- Care home
Warrengate Nursing Home
All Inspections
12 August 2020
During an inspection looking at part of the service
We found the following examples of good practice.
The provider had arranged for an external infection prevention and control lead to work across the group of four services including Warrengate. This involved establishing infection control champions at each service and working to improve the knowledge and skills of all staff in relation to infection prevention and control. There was an area ready to be used as an isolation zone for any people who may test positive for Covid-19. A plan was in place to enlarge this area depending on the number of cases.
There were individual risk assessments in place for staff who may be at an increased risk from Covid-19. When Covid-19 cases were high in the area staff had been offered accommodation by the provider near to the service to avoid them needing to use public transport.
Further information is in the detailed findings below.
12 August 2019
During a routine inspection
Warrengate Nursing Home is a ‘care home’ providing personal and nursing care to 39 people aged 65 and over at the time of the inspection. The service can support up to 40 people.
Warrengate Nursing Home accommodates people in one adapted building over two floors.
People’s experience of using this service and what we found
People continued to be protected against the risk of abuse as staff could identify, respond to and escalate suspected abuse. Robust risk management plans in place, protected people against avoidable harm. The manager deployed sufficient numbers of staff to keep people safe. People’s medicines was managed safely. People were protected against the risk of cross contamination as there were clear infection control measures in place. The provider was keen to learn lessons when things went wrong.

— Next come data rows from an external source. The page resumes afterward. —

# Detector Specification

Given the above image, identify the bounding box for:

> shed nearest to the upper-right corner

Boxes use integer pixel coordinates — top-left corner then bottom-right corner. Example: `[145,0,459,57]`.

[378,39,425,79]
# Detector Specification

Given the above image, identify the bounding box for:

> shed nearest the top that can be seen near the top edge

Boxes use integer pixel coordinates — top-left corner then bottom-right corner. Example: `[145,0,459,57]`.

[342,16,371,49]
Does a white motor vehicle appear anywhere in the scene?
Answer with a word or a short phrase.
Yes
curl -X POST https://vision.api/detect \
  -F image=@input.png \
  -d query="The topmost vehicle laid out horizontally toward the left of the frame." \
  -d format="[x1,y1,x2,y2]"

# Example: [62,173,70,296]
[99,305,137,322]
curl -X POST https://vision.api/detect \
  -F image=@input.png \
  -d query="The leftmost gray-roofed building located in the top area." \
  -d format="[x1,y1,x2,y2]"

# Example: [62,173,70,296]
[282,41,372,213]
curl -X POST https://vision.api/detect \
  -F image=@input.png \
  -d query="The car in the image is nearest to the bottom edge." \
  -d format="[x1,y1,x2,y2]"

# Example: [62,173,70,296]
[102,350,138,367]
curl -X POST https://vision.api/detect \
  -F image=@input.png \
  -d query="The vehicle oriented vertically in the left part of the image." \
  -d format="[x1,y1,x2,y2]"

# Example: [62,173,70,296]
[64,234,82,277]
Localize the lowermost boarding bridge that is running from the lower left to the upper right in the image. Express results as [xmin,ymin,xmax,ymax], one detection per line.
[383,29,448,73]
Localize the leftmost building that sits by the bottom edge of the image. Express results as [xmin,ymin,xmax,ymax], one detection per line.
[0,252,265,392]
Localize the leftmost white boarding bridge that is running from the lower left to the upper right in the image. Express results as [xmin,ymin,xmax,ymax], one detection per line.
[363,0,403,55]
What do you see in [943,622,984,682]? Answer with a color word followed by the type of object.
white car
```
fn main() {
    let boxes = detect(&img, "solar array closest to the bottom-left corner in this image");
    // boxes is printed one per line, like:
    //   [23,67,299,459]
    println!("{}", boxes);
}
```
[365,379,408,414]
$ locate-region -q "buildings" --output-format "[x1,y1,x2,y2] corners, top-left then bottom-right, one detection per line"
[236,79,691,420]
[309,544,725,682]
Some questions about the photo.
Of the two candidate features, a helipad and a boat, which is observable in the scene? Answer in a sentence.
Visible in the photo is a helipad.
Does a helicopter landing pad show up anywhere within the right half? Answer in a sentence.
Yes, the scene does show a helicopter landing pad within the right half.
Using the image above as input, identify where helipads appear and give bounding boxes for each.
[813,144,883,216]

People continued to receive support from staff that reflected on their working practices and undertook regular training to enhance their skills and knowledge. People were supported to access sufficient food and drink that met their dietary needs and preferences. People had access to healthcare professional services to monitor and maintain their health and well-being. People’s spiritual and cultural needs were respected and catered for.
People were supported to have maximum choice and control of their lives and staff supported them in the least restrictive way possible and in their best interests; the policies and systems in the service supported this practice.

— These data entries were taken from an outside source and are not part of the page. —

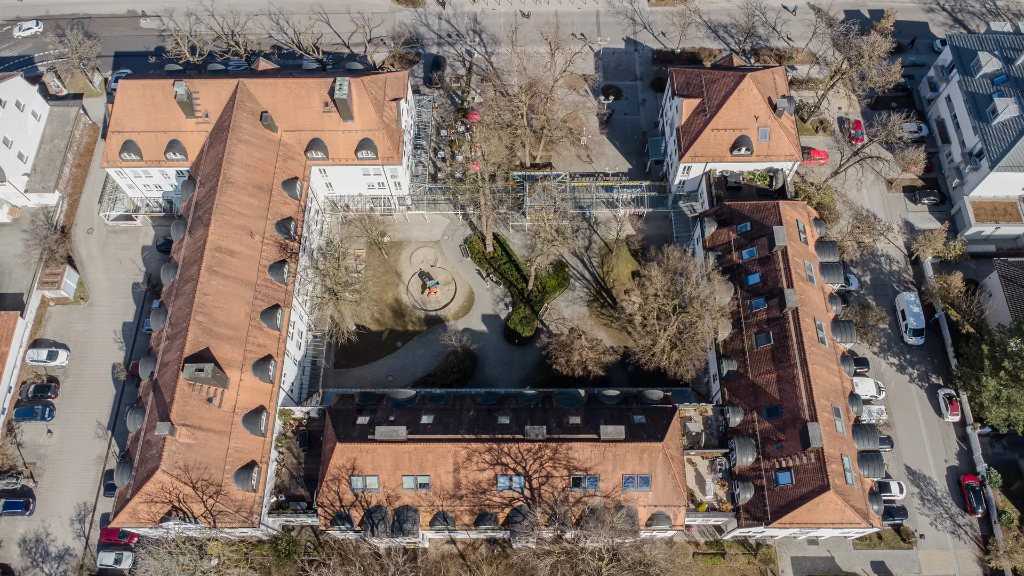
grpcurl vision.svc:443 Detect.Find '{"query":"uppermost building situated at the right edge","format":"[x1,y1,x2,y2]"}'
[911,15,1024,215]
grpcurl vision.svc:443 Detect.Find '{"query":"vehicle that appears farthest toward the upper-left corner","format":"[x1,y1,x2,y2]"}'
[12,20,48,44]
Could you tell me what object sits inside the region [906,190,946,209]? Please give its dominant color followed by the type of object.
black car
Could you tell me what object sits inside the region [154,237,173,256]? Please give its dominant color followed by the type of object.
black car
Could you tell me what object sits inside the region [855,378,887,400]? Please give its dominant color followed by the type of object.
white vehicle
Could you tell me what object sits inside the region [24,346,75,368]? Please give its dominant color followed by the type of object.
white car
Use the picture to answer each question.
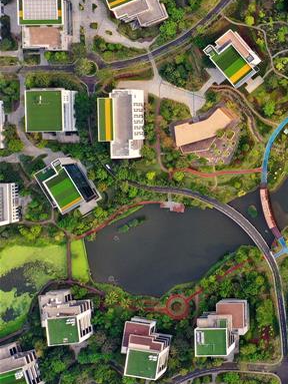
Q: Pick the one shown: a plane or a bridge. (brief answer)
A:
bridge
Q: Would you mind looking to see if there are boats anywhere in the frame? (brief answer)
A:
No
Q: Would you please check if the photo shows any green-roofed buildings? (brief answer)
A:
Yes
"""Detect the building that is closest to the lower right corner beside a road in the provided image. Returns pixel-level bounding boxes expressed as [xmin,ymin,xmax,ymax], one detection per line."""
[196,296,254,357]
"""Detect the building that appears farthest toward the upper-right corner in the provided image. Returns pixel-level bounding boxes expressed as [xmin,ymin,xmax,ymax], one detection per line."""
[203,29,264,90]
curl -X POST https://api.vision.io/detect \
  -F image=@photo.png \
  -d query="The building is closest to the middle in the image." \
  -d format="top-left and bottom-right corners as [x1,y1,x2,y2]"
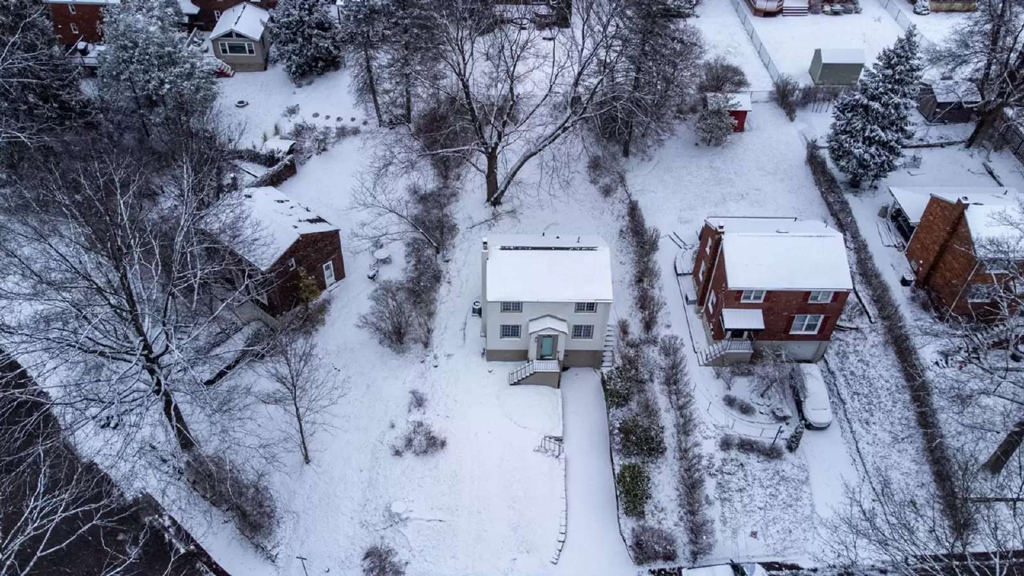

People confirmed they were treated with respect and had their dignity promoted. People were encouraged to maintain their independence where safe to do so. Staff were observed being respectful of people’s decisions and encouraged them to share their views.
Care plans were person-centred and regularly reviewed to reflect people’s changing needs. People continued to be encouraged to participate in both in-house and external activities. People were supported to access information in a way they understood in line with the provider’s accessible information standard. Complaints were managed swiftly to reach a positive outcome. People’s end of life wishes were documented.
People spoke positively about the manager and confirmed the service was well-led. The acting manager carried out regular audits to drive improvements. Partnership working was important to the acting manager in order to ensure people received good care and support.
For more details, please see the full report which is on the CQC website at www.cqc.org.uk
Rating at last inspection
The last rating for this service was Good (published 23 December 2016).
Why we inspected
This was a planned inspection based on the previous rating.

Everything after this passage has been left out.